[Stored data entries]
+ + + + +

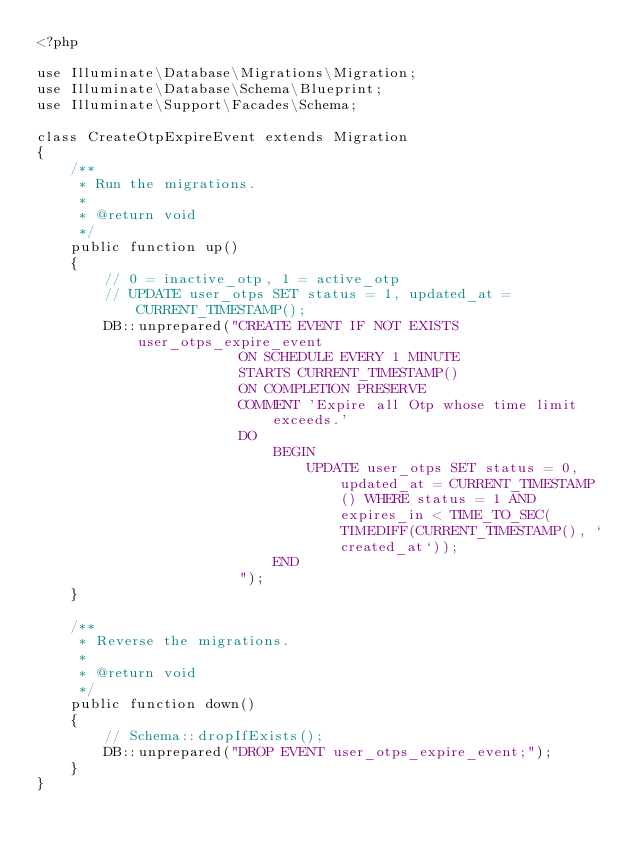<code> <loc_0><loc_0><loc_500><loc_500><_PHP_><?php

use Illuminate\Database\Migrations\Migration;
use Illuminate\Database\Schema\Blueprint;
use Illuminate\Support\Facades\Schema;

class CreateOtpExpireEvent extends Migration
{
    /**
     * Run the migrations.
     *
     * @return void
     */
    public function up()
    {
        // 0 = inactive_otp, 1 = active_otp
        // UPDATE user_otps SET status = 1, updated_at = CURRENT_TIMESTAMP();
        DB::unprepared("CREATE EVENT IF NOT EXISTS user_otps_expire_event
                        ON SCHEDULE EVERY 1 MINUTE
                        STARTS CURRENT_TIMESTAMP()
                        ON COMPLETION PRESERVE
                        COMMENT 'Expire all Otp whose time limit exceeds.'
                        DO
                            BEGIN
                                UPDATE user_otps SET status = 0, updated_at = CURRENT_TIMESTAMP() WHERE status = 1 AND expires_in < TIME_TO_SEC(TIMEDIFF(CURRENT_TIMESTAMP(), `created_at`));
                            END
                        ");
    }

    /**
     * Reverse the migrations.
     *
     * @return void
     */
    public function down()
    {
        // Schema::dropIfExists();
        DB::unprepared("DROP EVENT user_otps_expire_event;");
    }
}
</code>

+ + + + +

Your answer must be an exact copy of the records, minus any pictures.

### RESPONSE TO THE EXERCISE
<code> <loc_0><loc_0><loc_500><loc_500><_PHP_><?php

use Illuminate\Database\Migrations\Migration;
use Illuminate\Database\Schema\Blueprint;
use Illuminate\Support\Facades\Schema;

class CreateOtpExpireEvent extends Migration
{
    /**
     * Run the migrations.
     *
     * @return void
     */
    public function up()
    {
        // 0 = inactive_otp, 1 = active_otp
        // UPDATE user_otps SET status = 1, updated_at = CURRENT_TIMESTAMP();
        DB::unprepared("CREATE EVENT IF NOT EXISTS user_otps_expire_event
                        ON SCHEDULE EVERY 1 MINUTE
                        STARTS CURRENT_TIMESTAMP()
                        ON COMPLETION PRESERVE
                        COMMENT 'Expire all Otp whose time limit exceeds.'
                        DO
                            BEGIN
                                UPDATE user_otps SET status = 0, updated_at = CURRENT_TIMESTAMP() WHERE status = 1 AND expires_in < TIME_TO_SEC(TIMEDIFF(CURRENT_TIMESTAMP(), `created_at`));
                            END
                        ");
    }

    /**
     * Reverse the migrations.
     *
     * @return void
     */
    public function down()
    {
        // Schema::dropIfExists();
        DB::unprepared("DROP EVENT user_otps_expire_event;");
    }
}
</code>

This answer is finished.